Structurally, Seeking a Friend feels like it ought to be a comedy, but even at the beginning, when the plot hasn't warmed up yet and it's in the closest it will ever come to irony, it's more peppered with jokes than actually made up of them. Arguably, that ends up being for the best: for the more the movie strives for comedy, the worse it is, generally speaking, partially owing to Scafaria's somewhat boorish sense of what funny looks like in this context (early cameos by Rob Corddry and Patton Oswalt as two different facades of male privilege in the face of despair are especially ineffective as comedy, as social commentary, or as anything).
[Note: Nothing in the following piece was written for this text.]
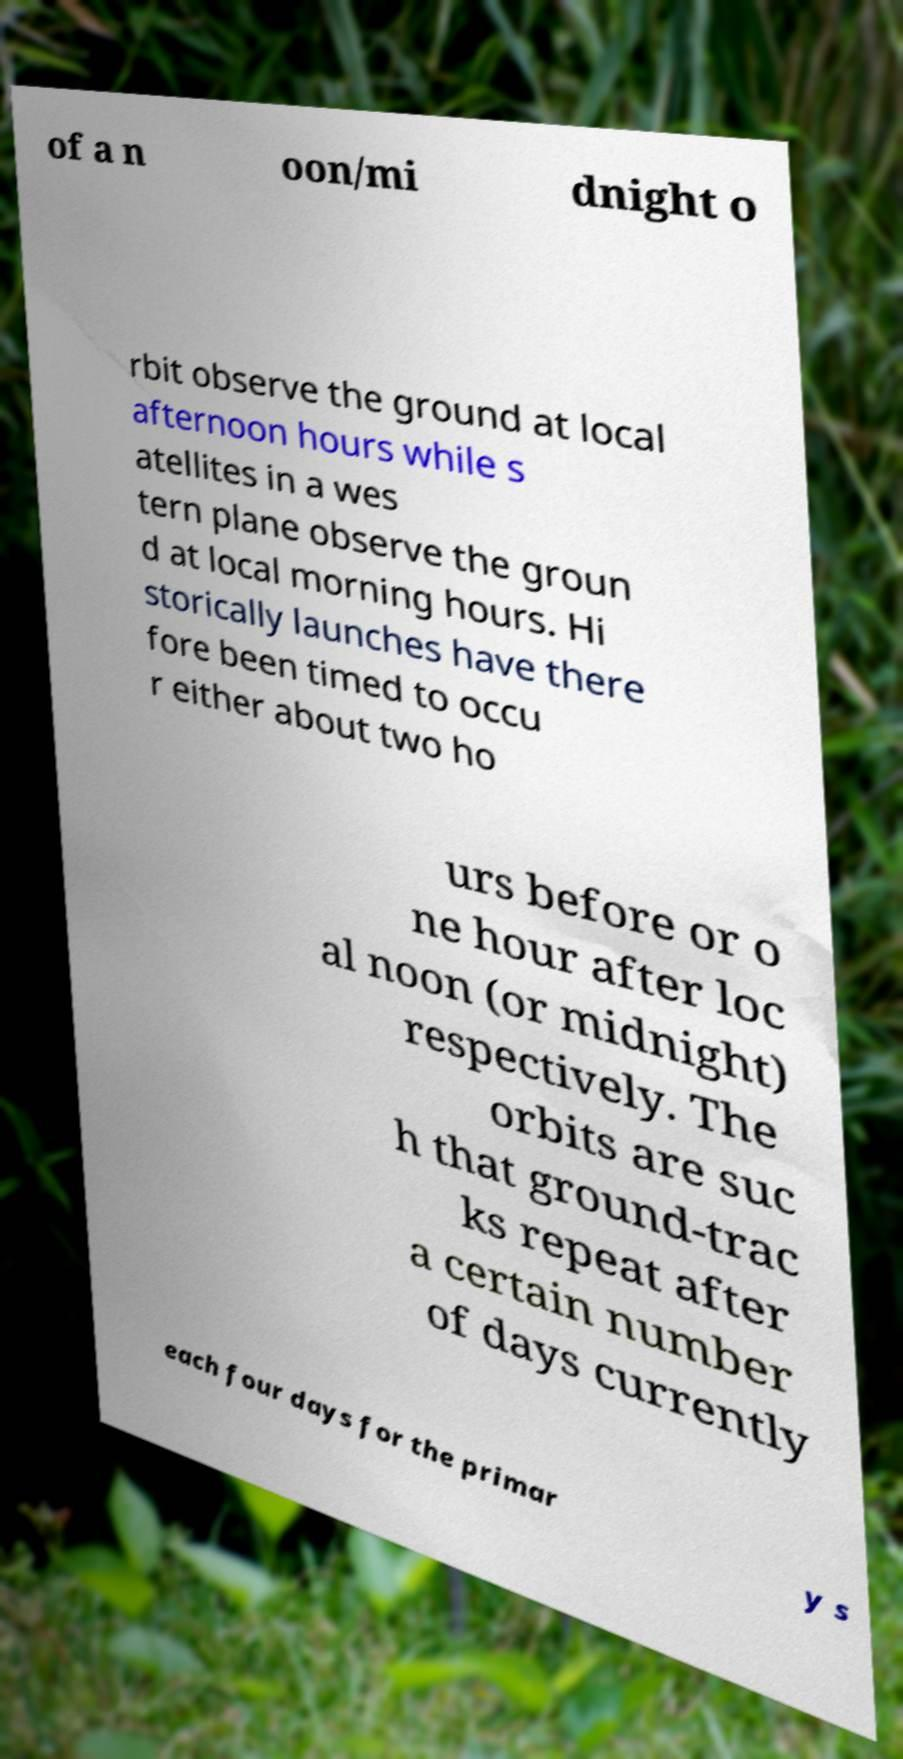Can you read and provide the text displayed in the image?This photo seems to have some interesting text. Can you extract and type it out for me? of a n oon/mi dnight o rbit observe the ground at local afternoon hours while s atellites in a wes tern plane observe the groun d at local morning hours. Hi storically launches have there fore been timed to occu r either about two ho urs before or o ne hour after loc al noon (or midnight) respectively. The orbits are suc h that ground-trac ks repeat after a certain number of days currently each four days for the primar y s

Making this concept into an outright farce would have taken the most subtle and clever of comic directors, and I don't know that we have anybody working in America right now who'd be able to do it; Stanley Kubrick in his Dr. Strangelove mode is what it's looking for, and that is a powerful rare commodity. And that being the case, it's probably for the best that Scafaria instead goes for a mixture of tones and genres and always ends up returning to a an exceedingly light dramatic state that fits both actors' limitations rather perfectly: all due respect to Carell and Knightley, neither of them have what it takes to carry off a tragedy.
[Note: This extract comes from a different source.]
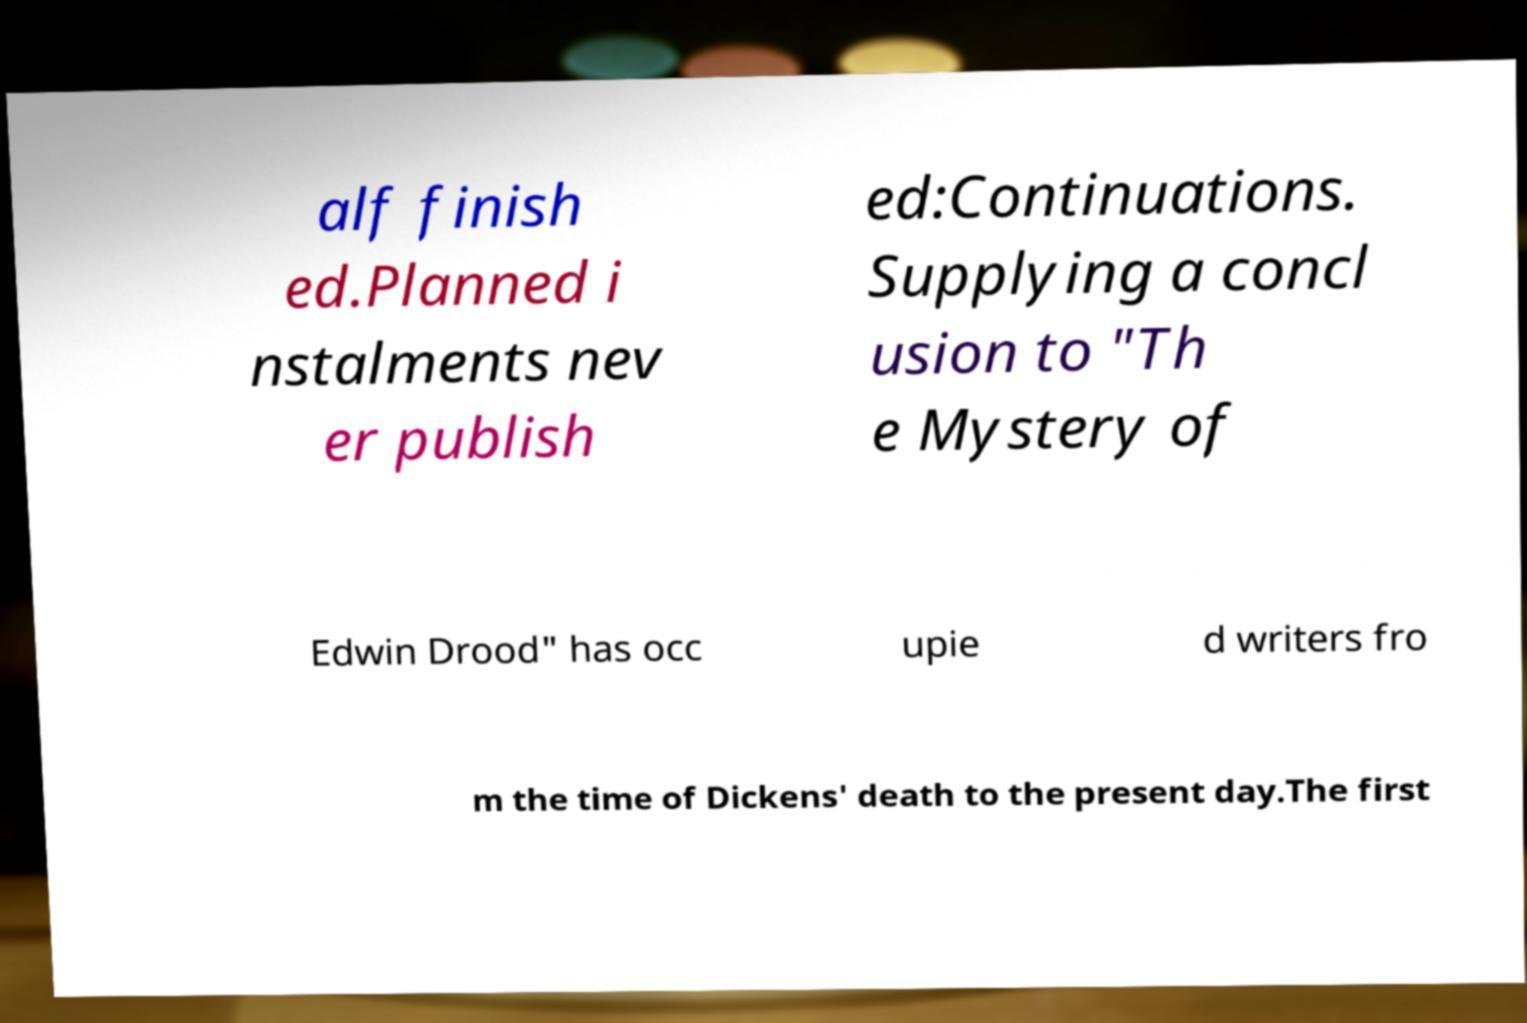Can you accurately transcribe the text from the provided image for me? alf finish ed.Planned i nstalments nev er publish ed:Continuations. Supplying a concl usion to "Th e Mystery of Edwin Drood" has occ upie d writers fro m the time of Dickens' death to the present day.The first 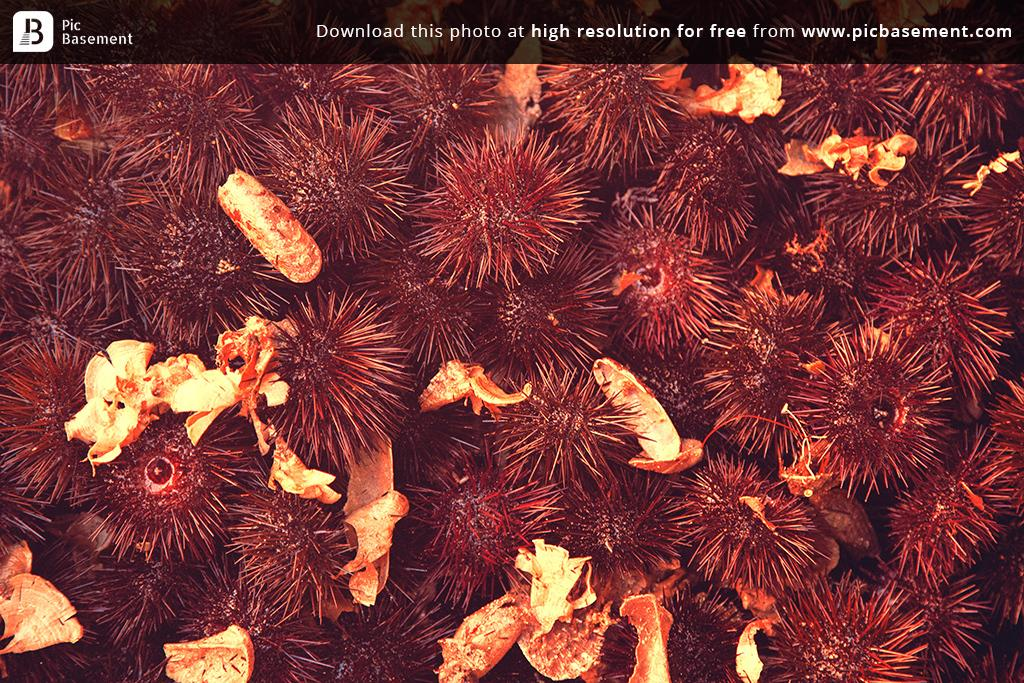What type of plants can be seen in the image? There are flowers in the image. Is there any text or symbol present at the top of the image? Yes, there is a watermark at the top of the image. What is the answer to the riddle at the top of the image? There is no riddle present in the image; it only contains a watermark.

If the results seem rather insubstantial for a movie about the end of the world, well, it's a rather insubstantial movie. But not a bad one. Scafaria gives both of the leads enough depth that neither one of them feel like a concept or narrative placeholder (and this is a real danger her: Penny has all the makings of a perfunctory Manic Pixie Dream Girl, and Dodge is, well, named Dodge, which tells us far too much about the metaphorical usage he's put to in the course of the movie), and there's an awareness of how human beings exist in relationship to one another that's not even remotely present in her shallow screenplay for Nick and Norah's Infinite Playlist. A little measure of generational angst, a few cathartic moments that are played a little too routinely but also without the bigness of a really tacky character drama of the Oscarbait school, and we have here a movie that's actually touching, without being thoroughly moving.
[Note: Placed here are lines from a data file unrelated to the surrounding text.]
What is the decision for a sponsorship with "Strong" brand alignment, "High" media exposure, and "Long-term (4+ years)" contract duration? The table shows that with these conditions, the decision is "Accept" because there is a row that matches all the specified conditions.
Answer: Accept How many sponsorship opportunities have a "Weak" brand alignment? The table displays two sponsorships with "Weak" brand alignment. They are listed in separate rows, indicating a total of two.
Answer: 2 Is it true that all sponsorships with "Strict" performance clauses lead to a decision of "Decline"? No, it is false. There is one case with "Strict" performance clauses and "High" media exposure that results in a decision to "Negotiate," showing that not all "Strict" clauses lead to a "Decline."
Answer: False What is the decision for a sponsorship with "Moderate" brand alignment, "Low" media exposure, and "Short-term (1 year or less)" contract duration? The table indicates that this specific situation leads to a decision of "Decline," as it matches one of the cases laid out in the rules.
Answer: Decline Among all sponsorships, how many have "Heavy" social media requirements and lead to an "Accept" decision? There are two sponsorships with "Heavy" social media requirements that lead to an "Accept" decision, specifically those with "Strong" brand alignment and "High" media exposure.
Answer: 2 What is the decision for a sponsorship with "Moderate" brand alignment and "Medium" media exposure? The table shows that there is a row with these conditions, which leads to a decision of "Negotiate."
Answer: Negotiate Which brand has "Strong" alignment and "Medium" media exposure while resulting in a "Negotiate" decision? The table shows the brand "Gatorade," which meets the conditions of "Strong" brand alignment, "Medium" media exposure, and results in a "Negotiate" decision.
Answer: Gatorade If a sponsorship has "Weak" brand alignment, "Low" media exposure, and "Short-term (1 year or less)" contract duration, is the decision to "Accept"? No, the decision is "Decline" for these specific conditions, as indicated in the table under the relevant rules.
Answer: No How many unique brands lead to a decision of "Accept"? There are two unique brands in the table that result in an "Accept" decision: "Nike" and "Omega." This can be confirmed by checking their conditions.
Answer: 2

It helps, too, that Scafaria is in fact a fairly good director, as it turns out: teaming with crackerjack cinematographer Tim Orr undoubtedly helped, for there are a great many scenes that are breathtakingly well-lit without marching up and showing off, and the whole thing looks far, far better than just about any other low-budget drama-comedy of this sort. But a lot of what works is absolutely due to the directing, which always foregrounds the acting and characters but never comes across as lazy: there is a conversation in a jail cell that stands as the most fascinating variation on the traditional shot/reverse-shot set-up that I've seen in longer than I care to remember (marred, frustratingly, by wobbly continuity), and the whole aesthetic of the movie is that, expanded into a feature: basically standard, pre-fab filmmaking, but with just enough of a twist to give it some fresh, biting energy. Usually, this is to make the film a bit slower, and a bit more bittersweet; and these are good emotions for a kind of romantic comedy cross-bred with miserabilist European art cinema to have. It's all in service to a movie that desires to remain low-key and minor, and accordingly does so - nobody is every likely to look upon Seeking a Friend as a masterpiece or a classic work of cinema, but it's tremendously capable and effective in its limited way, the kind of compact little movie that's always refreshing about this time of summer.